-- TASK MATERIAL follows --

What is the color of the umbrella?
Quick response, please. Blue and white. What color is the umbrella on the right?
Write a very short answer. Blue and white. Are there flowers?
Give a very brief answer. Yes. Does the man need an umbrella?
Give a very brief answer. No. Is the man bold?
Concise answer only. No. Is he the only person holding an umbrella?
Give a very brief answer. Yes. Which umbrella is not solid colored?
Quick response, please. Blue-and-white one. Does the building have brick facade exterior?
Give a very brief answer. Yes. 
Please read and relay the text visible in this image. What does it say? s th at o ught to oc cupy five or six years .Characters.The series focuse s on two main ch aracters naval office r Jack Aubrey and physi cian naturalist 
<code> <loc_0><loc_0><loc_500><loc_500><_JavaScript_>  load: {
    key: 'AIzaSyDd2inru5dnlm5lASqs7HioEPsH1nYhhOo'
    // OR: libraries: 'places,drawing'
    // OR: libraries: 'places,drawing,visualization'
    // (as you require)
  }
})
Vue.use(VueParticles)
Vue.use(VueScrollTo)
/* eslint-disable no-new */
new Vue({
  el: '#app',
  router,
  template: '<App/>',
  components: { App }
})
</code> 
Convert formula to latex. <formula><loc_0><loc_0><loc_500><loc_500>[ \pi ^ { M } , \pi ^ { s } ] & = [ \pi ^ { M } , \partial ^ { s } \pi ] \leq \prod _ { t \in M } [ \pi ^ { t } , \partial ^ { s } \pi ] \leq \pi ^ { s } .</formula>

-- TASK MATERIAL concluded --
-- TASK MATERIAL follows --

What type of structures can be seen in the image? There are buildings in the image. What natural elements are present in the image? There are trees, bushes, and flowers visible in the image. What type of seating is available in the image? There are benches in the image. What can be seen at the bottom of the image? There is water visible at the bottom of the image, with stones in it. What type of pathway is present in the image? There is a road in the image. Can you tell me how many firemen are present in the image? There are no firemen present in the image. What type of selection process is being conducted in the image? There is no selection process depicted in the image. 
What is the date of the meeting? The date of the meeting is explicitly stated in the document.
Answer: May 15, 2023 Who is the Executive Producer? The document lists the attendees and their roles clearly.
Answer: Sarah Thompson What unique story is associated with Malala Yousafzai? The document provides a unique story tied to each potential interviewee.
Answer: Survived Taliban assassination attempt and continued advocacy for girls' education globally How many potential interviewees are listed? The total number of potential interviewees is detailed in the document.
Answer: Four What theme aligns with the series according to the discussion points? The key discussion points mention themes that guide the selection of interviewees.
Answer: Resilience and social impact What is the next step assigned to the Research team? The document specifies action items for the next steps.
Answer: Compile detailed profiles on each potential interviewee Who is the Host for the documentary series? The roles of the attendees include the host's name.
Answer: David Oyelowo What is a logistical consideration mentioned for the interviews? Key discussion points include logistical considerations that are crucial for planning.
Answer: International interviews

-- TASK MATERIAL concluded --

TASK TO CARRY OUT: Could you reproduce, exactly, every line above from the line with "Write a very" to the line with "Convert formula to", and no other line? Both ends count.

REPLY TO THE EXERCISE:
Write a very short answer. Blue and white. Are there flowers?
Give a very brief answer. Yes. Does the man need an umbrella?
Give a very brief answer. No. Is the man bold?
Concise answer only. No. Is he the only person holding an umbrella?
Give a very brief answer. Yes. Which umbrella is not solid colored?
Quick response, please. Blue-and-white one. Does the building have brick facade exterior?
Give a very brief answer. Yes. 
Please read and relay the text visible in this image. What does it say? s th at o ught to oc cupy five or six years .Characters.The series focuse s on two main ch aracters naval office r Jack Aubrey and physi cian naturalist 
<code> <loc_0><loc_0><loc_500><loc_500><_JavaScript_>  load: {
    key: 'AIzaSyDd2inru5dnlm5lASqs7HioEPsH1nYhhOo'
    // OR: libraries: 'places,drawing'
    // OR: libraries: 'places,drawing,visualization'
    // (as you require)
  }
})
Vue.use(VueParticles)
Vue.use(VueScrollTo)
/* eslint-disable no-new */
new Vue({
  el: '#app',
  router,
  template: '<App/>',
  components: { App }
})
</code> 
Convert formula to latex. <formula><loc_0><loc_0><loc_500><loc_500>[ \pi ^ { M } , \pi ^ { s } ] & = [ \pi ^ { M } , \partial ^ { s } \pi ] \leq \prod _ { t \in M } [ \pi ^ { t } , \partial ^ { s } \pi ] \leq \pi ^ { s } .</formula>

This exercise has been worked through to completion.